Distributive Justice And Health Disparities
Economic and infrastructure difficulties facing developing countries pose issues of distributive justice in nations accessing antivirals and vaccines or in distributing them equitably to all members of the population or all geographic regions (Duque et al. 2014). Such issues of distribution of scarce resources, prioritization of certain groups (such as health-care or emergency workers), and transparency of communication to the public (how much information is shared about levels of risk) are crucial ethical conundrums (Bhatia 2013).
Limited health infrastructure, inability to afford to stockpile medications as a precaution, or logistical and geographic barriers to mobilizing a public health response all serve to heighten the triage dilemmas associated with deciding which groups are to receive priority of access to vaccination or other health services in the event of a pandemic.
Poverty and disadvantage magnify the already well-documented socioeconomic disparities in susceptibility to infection, and poor housing, sanitation, or the economic and social demands of maintaining basic sustenance may render it very difficult to implement public health measures. Global initiatives toward funding and distributing essential drugs and medical supplies (such as protective equipment), targeted capacity-building of health infrastructure (laboratories, surveillance capacity), and international aid and WHO cooperation during emergencies provide some limited expression of a global bioethical response, but the ethical challenges continue to be intimidatingly grave.

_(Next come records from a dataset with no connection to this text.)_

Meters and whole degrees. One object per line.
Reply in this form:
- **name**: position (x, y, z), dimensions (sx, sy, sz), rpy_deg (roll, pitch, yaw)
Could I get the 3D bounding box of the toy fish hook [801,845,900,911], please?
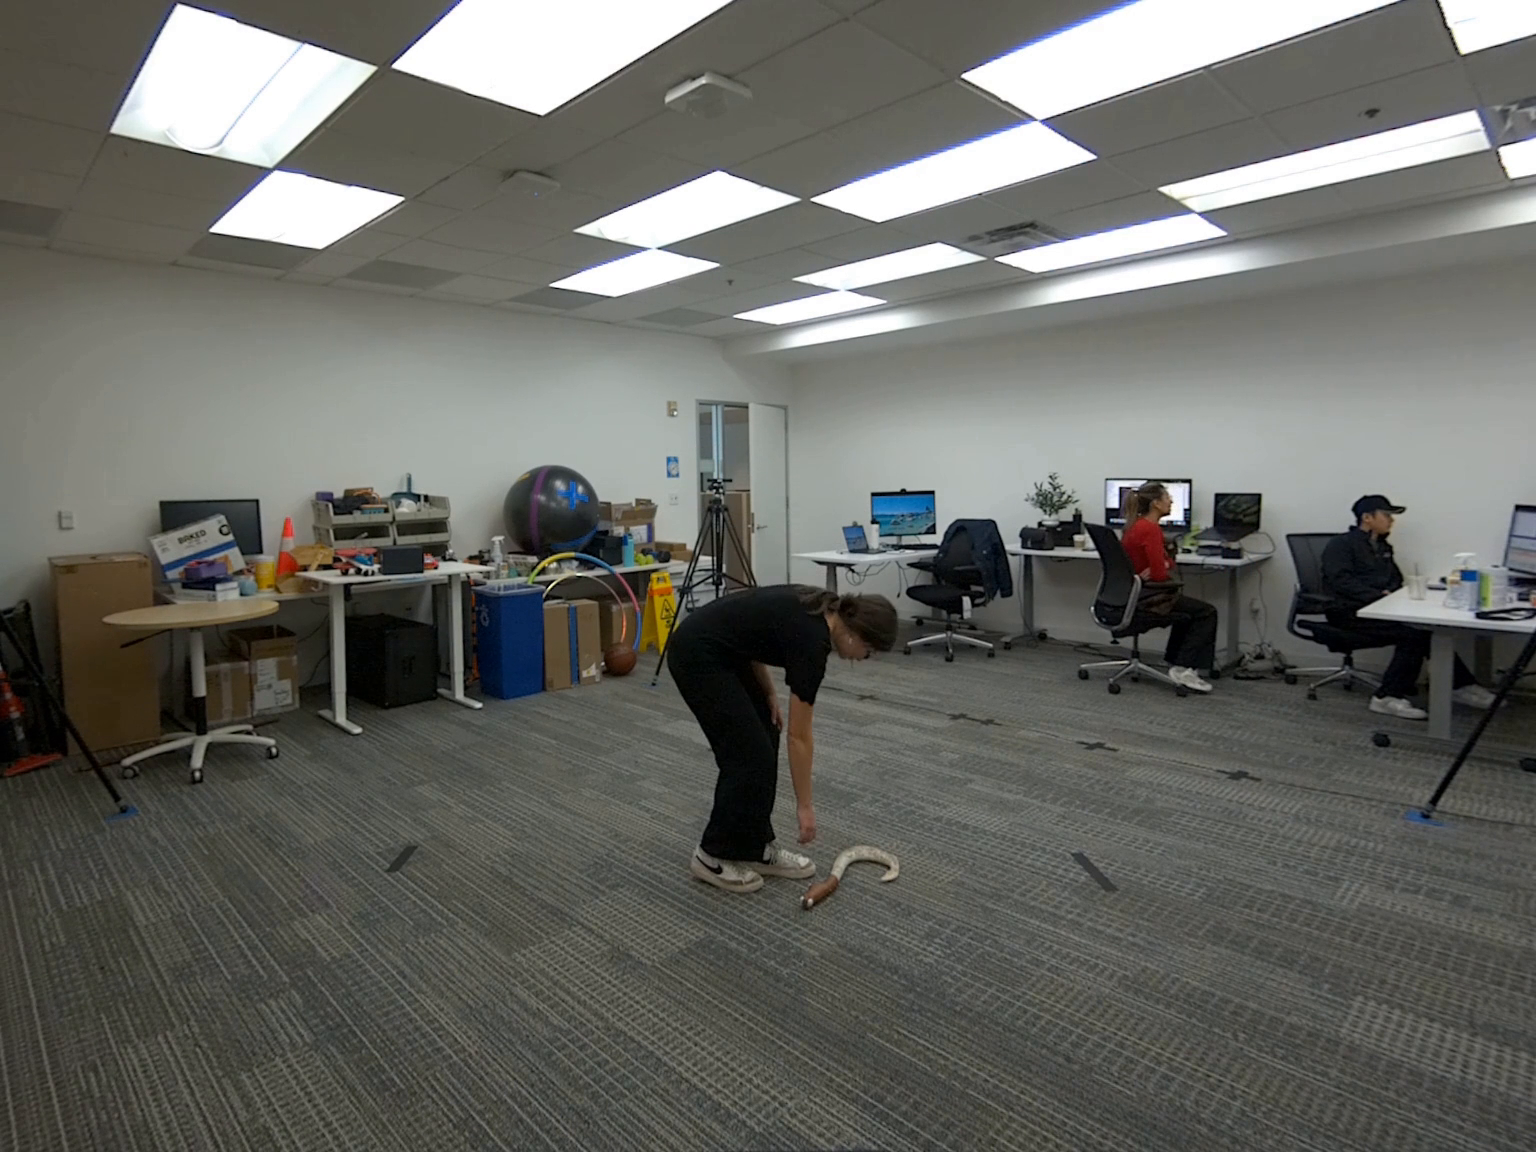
- **toy fish hook**: position (0.287, 1.033, 2.924), dimensions (0.231, 0.048, 0.495), rpy_deg (2, 7, 32)
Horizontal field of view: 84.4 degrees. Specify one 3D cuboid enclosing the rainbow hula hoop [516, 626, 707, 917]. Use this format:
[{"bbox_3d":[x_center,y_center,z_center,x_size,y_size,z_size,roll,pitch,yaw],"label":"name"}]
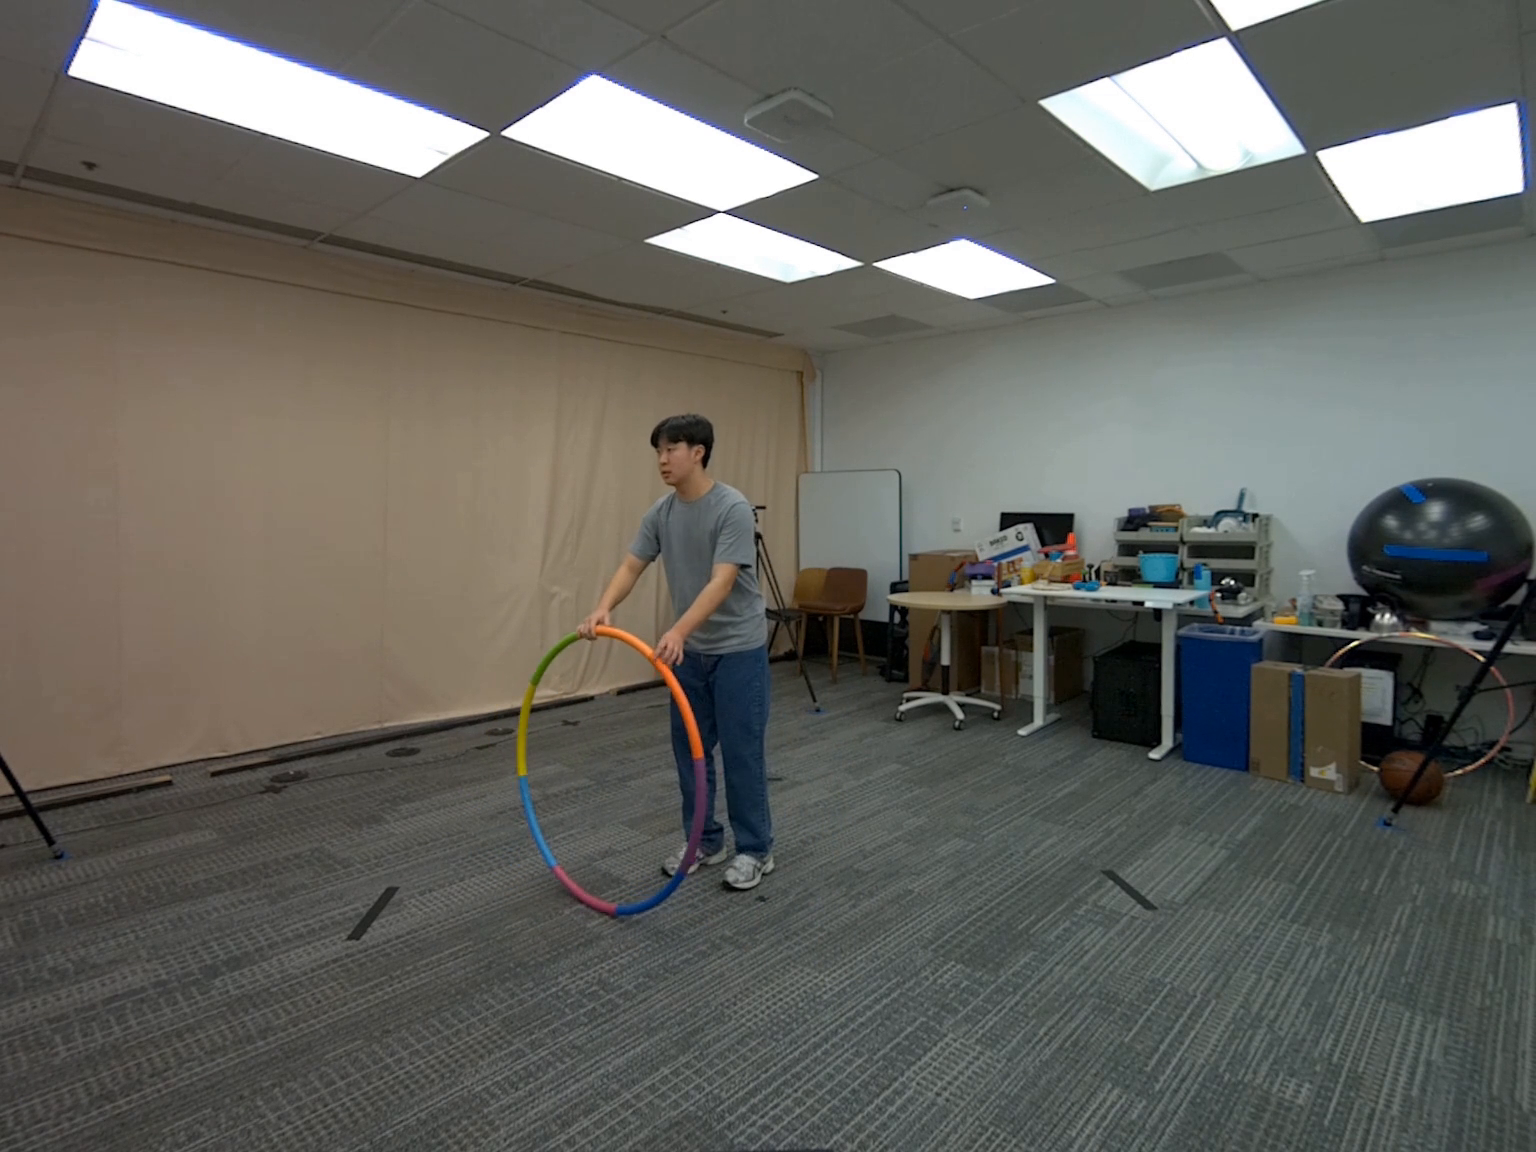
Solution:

Global Bioethics And Pandemics
Pandemics present two interesting challenges for standard bioethical frameworks. The first is for bioethics to give greater attention to infectious diseases and other issues that affect the global community. It has been argued, for example, that infectious diseases traditionally have not been adequately addressed in the bioethics literature (Battin et al. 2009). In recent years, however, within bioethical scholarship greater attention has been paid to ethical issues related to infectious diseases.

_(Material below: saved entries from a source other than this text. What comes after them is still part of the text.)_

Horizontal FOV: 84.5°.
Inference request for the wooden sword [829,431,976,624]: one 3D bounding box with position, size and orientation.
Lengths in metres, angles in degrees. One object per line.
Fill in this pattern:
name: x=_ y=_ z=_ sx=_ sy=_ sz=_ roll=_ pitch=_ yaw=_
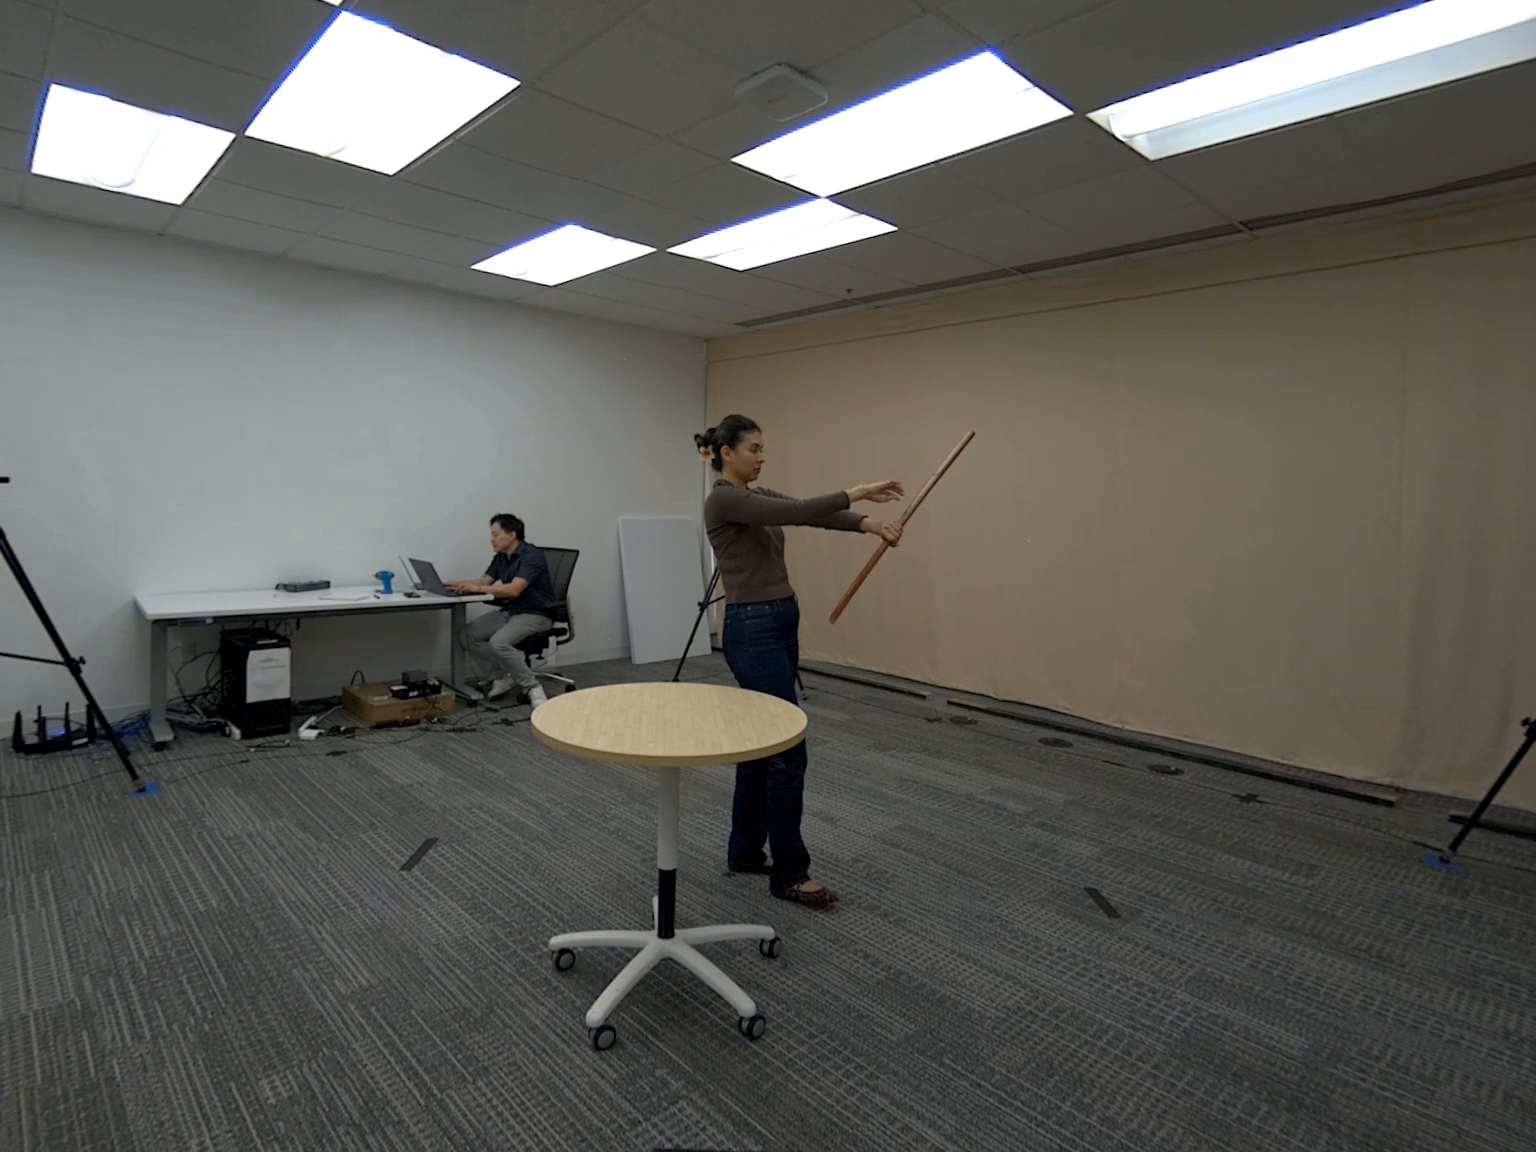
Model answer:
wooden sword: x=0.471 y=-0.189 z=2.902 sx=1.025 sy=0.024 sz=0.051 roll=-50 pitch=7 yaw=-29
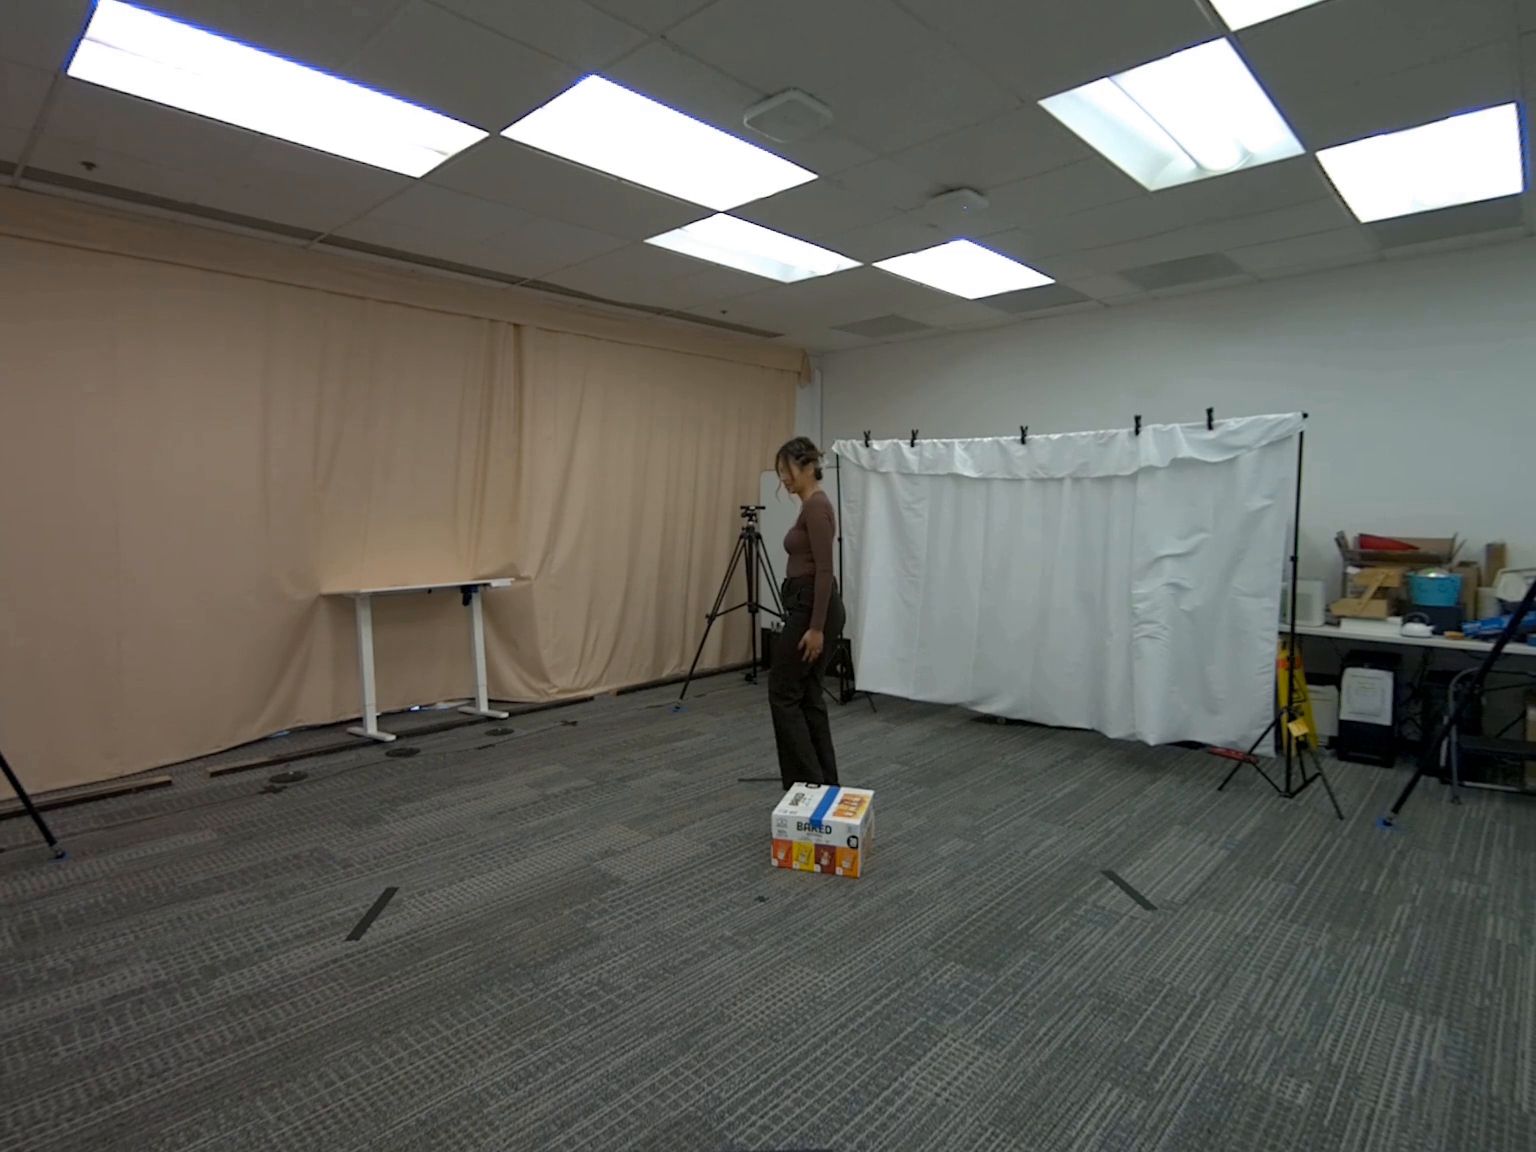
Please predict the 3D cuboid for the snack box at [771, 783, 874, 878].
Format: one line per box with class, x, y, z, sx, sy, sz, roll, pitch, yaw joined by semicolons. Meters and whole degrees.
snack box;0.229;1.004;3.383;0.347;0.205;0.398;1;4;17

The second challenge relates to the role of ethics in pandemic planning, whether ethics is “global” and the degree to which ethics is embedded in factors such as culture and religion. These debates are likely to be relevant to any discussion of the application of ethical principles in a pandemic. In an increasingly globalized world, pandemic responses need to respect values such as the communal equality-oriented value systems of the African ubuntu by not placing undue weight on individual autonomy and be mindful for members of Jainist, Buddhist, and Hindu communities of Asian ahimsa principles of compassion toward and doing no harm to any living being when addressing measures such as mass culling of poultry to halt spread of avian flu or in animal testing of new vaccines. Similar issues arise for host countries in respect to immigrant populations or cultural minorities.
Conclusion
Bioethical principles pertinent to management of pandemic threats are both contested and in flux. Early bioethical frameworks emphasizing autonomy and realization of individual civil rights are challenged as failing adequately to address communal values of solidarity, the relational nature of social interactions, or global socioeconomic inequality and poverty.
Issues such as realization of the socioeconomic right to health, pursuit of distributional justice, and operationalization of a global bioethics able to engage with differences in regional capacity, governance systems, and competing pressures such as international trade and commerce remain lively domains for scholarly discourse and international debate.